Friday, August 22, 2014

Pipeline Giant Sidesteps KXL-Style Permitting Fight

Enbridge plans to increase pipeline shipments of oil from Canada by reversing flow on one of its lines temporarily. File photo of an Enbridge storage facility in North Dakota. (Credit: Matthew Staver, Bloomberg) Click to enlarge.
Enbridge Inc. is poised to carry out a novel new strategy for avoiding the presidential permitting process that Keystone XL has been mired in for years, shifting extra volumes of Canadian oil between pipelines on its sprawling continental network with the State Department's blessing.
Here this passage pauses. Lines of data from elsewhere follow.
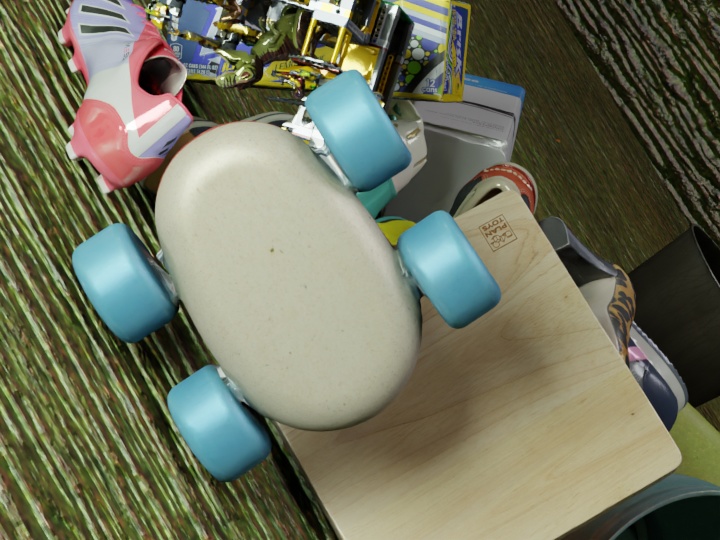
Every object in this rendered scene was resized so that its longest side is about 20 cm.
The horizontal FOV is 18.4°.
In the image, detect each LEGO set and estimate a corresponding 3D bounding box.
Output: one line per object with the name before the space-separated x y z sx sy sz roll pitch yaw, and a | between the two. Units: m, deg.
LEGO set | -0.051 -0.123 1.336 0.153 0.117 0.200 17 -2 4

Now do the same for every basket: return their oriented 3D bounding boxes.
basket | 0.247 0.072 1.951 0.180 0.199 0.137 37 26 -56

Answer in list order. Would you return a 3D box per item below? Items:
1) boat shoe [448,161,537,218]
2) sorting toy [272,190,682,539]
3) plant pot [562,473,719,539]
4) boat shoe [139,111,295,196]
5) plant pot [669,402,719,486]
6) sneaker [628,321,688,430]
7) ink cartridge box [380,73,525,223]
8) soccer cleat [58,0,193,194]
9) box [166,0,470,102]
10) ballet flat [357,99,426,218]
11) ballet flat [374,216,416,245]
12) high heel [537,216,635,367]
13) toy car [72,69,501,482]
boat shoe | 0.072 0.020 1.560 0.071 0.201 0.063 22 18 5
sorting toy | 0.057 0.088 1.345 0.199 0.199 0.070 59 -10 16
plant pot | 0.184 0.223 1.530 0.200 0.200 0.134 49 -10 -30
boat shoe | -0.072 -0.059 1.413 0.062 0.075 0.200 43 17 16
plant pot | 0.236 0.184 1.765 0.185 0.200 0.200 55 11 32
sneaker | 0.160 0.060 1.673 0.200 0.070 0.082 43 57 -7
ink cartridge box | 0.068 -0.063 1.726 0.084 0.145 0.200 14 17 4
soccer cleat | -0.136 -0.121 1.335 0.067 0.076 0.200 49 18 -31
box | -0.030 -0.156 1.510 0.064 0.199 0.071 -9 104 -74
ballet flat | 0.010 -0.090 1.527 0.200 0.070 0.068 -99 172 -66
ballet flat | 0.000 0.000 1.533 0.067 0.067 0.200 47 19 24
high heel | 0.172 0.074 1.565 0.143 0.071 0.201 40 39 -54
toy car | -0.041 -0.008 1.253 0.177 0.184 0.200 56 3 -9

The pipeline titan's plan involves building four interconnections between its Alberta Clipper and Line 3 projects, both of which run from the oil sands region of Alberta to Wisconsin. That would allow 75,000 extra barrels per day (bpd) of heavy Canadian crude to cross the U.S.-Canada border before the State Department finishes its KXL-style review of a plan to nearly double the Clipper's capacity.
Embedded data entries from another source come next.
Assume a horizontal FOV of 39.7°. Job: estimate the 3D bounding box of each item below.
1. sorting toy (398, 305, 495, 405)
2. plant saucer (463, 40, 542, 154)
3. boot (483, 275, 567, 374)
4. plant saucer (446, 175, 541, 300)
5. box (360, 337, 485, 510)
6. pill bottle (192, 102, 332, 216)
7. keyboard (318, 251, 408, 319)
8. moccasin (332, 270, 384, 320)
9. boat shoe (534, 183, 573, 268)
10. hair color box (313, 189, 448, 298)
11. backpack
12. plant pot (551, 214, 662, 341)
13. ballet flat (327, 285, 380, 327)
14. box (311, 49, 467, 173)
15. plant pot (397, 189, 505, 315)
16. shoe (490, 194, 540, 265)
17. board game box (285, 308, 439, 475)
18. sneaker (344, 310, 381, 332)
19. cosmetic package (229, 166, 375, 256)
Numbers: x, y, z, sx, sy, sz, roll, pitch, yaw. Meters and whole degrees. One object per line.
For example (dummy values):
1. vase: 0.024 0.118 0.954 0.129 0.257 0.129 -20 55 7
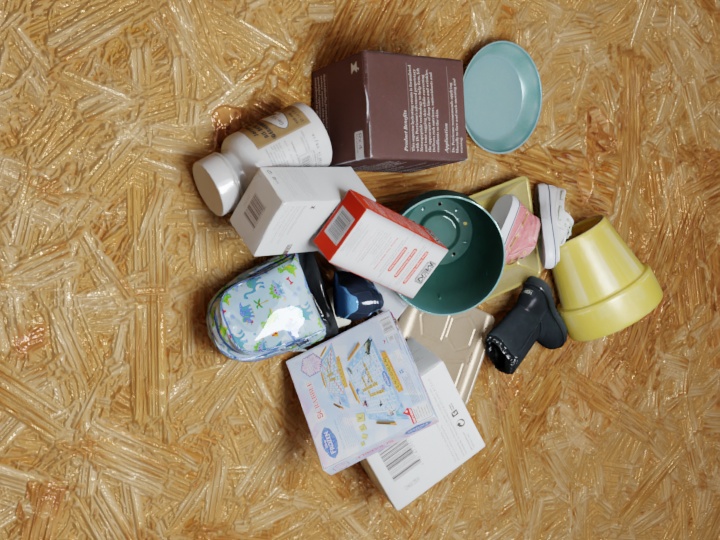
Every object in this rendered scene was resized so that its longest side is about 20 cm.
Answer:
1. sorting toy: 0.141 0.139 1.834 0.198 0.036 0.188 23 85 -30
2. plant saucer: 0.249 -0.316 1.827 0.198 0.036 0.204 -7 102 -33
3. boot: 0.311 0.131 1.893 0.169 0.076 0.201 -50 139 -21
4. plant saucer: 0.239 -0.056 1.856 0.198 0.048 0.203 -21 109 -29
5. box: 0.077 0.263 1.727 0.199 0.131 0.201 -34 116 -11
6. pill bottle: -0.152 -0.168 1.533 0.199 0.114 0.116 -31 113 -24
7. keyboard: 0.000 0.000 1.672 0.200 0.011 0.056 43 69 -3
8. moccasin: -0.005 0.046 1.562 0.067 0.200 0.082 -3 103 -9
9. boat shoe: 0.365 -0.089 1.858 0.066 0.202 0.074 1 142 3
10. hair color box: 0.034 -0.038 1.532 0.199 0.061 0.102 25 108 -43
11. backpack: -0.146 0.063 1.562 0.197 0.154 0.166 -18 95 -2
12. plant pot: 0.456 0.007 1.935 0.200 0.200 0.191 -33 99 -25
13. ballet flat: -0.023 0.054 1.679 0.199 0.071 0.072 -39 117 -23
14. box: 0.047 -0.251 1.612 0.198 0.163 0.169 -2 89 -33
15. plant pot: 0.138 -0.045 1.697 0.197 0.161 0.204 0 107 0
16. shoe: 0.257 -0.030 1.801 0.090 0.071 0.202 32 76 -30
17. board game box: 0.000 0.194 1.610 0.197 0.202 0.041 -26 151 7
18. sneaker: -0.020 0.142 1.715 0.200 0.070 0.076 -41 99 -25
19. cosmetic package: -0.085 -0.092 1.512 0.198 0.082 0.113 -6 141 -45
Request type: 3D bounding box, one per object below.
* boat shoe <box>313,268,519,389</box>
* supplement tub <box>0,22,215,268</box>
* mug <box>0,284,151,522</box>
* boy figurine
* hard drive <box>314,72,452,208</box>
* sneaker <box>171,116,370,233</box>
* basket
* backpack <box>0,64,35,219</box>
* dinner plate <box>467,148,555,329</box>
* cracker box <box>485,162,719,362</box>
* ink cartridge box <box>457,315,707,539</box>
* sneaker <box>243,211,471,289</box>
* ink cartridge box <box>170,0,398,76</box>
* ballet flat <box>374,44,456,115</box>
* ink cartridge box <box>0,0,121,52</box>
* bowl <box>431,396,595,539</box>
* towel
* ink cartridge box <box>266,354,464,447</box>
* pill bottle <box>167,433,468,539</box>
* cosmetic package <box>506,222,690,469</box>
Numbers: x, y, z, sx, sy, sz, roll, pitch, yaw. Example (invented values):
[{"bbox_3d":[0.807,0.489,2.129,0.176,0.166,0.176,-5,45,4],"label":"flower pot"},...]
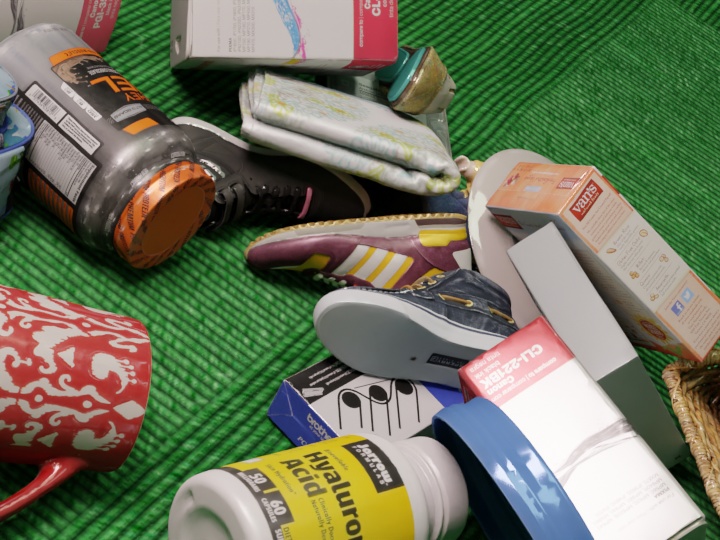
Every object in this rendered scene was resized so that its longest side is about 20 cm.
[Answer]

While the added volume of oil sands crude might pale in comparison to the 730,000-plus bpd that KXL would carry, State's approval of the Enbridge plan is raising alarms among greens who could see their campaign to curtail fossil-fuel infrastructure imperiled by the move.

"On top of being sneaky, I think it's also clearly illegal," National Wildlife Foundation senior counsel Jim Murphy said in an interview.  "The permitting process becomes kind of meaningless if the State Department says this scheme is OK."
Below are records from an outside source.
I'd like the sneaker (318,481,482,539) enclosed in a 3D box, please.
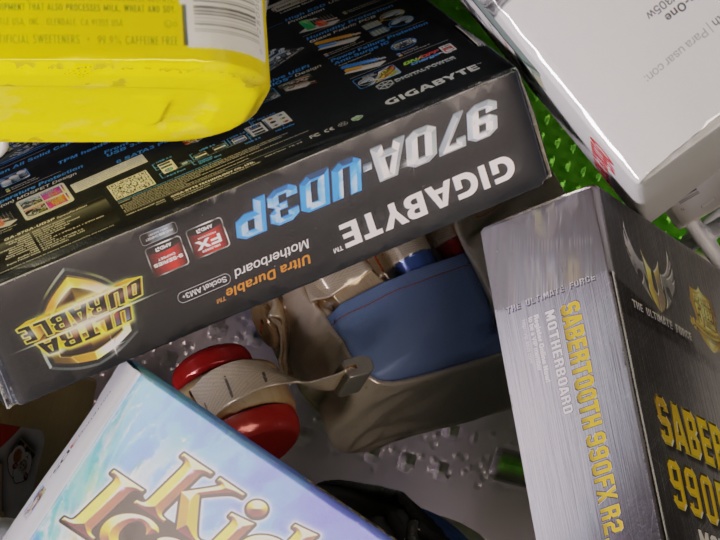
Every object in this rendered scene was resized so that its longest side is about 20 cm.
[{"bbox_3d":[0.038,0.146,1.013,0.111,0.200,0.077,25,105,-43],"label":"sneaker"}]

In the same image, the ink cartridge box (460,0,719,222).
[{"bbox_3d":[0.066,-0.121,0.955,0.084,0.146,0.200,-39,82,3],"label":"ink cartridge box"}]

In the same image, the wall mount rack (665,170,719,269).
[{"bbox_3d":[0.143,-0.089,1.058,0.074,0.174,0.200,-36,91,-27],"label":"wall mount rack"}]

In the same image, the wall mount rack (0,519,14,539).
[{"bbox_3d":[-0.122,0.188,1.002,0.173,0.075,0.200,-35,136,-9],"label":"wall mount rack"}]

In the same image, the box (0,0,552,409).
[{"bbox_3d":[-0.054,-0.036,0.976,0.199,0.159,0.046,-24,115,-10],"label":"box"}]

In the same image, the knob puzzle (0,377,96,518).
[{"bbox_3d":[-0.176,0.123,0.995,0.219,0.030,0.221,-28,124,-53],"label":"knob puzzle"}]

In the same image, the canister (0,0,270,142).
[{"bbox_3d":[-0.105,-0.147,0.918,0.148,0.087,0.201,0,75,-14],"label":"canister"}]

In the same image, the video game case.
[{"bbox_3d":[-0.044,0.159,0.920,0.200,0.045,0.182,34,86,-11],"label":"video game case"}]

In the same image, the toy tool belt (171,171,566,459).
[{"bbox_3d":[0.000,0.000,1.068,0.199,0.125,0.123,-15,66,-27],"label":"toy tool belt"}]

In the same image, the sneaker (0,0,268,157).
[{"bbox_3d":[-0.127,-0.072,0.972,0.199,0.087,0.075,-10,138,-8],"label":"sneaker"}]

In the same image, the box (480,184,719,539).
[{"bbox_3d":[0.121,0.076,0.993,0.200,0.048,0.159,30,46,-55],"label":"box"}]

Enbridge's strategy rests on the transfer of light crude and heavy crude barrels between the Clipper and Line 3 using its four interconnections, two on each side of the border, which are slated for completion sometime this year.  While the pipeline company has secured the necessary state-level permits to increase the Clipper's oil sands crude capacity to 570,000 bpd from its current 450,000 bpd -- and is close to securing the same approval to run as much as 800,000 bpd of heavy crude on the line -- the Obama administration's delay in approving an amended permit leaves Enbridge stalled at the border.

Line 3, however, sits close to the Clipper and can ship more oil sands crude across the border without requiring a new or amended permit.  By transferring the heavy fuel between its two pipelines on either side of the Clipper's border-crossing segment, then, Enbridge proposes immediately increasing its oil sands crude capacity without participating in the process that so famously snagged KXL.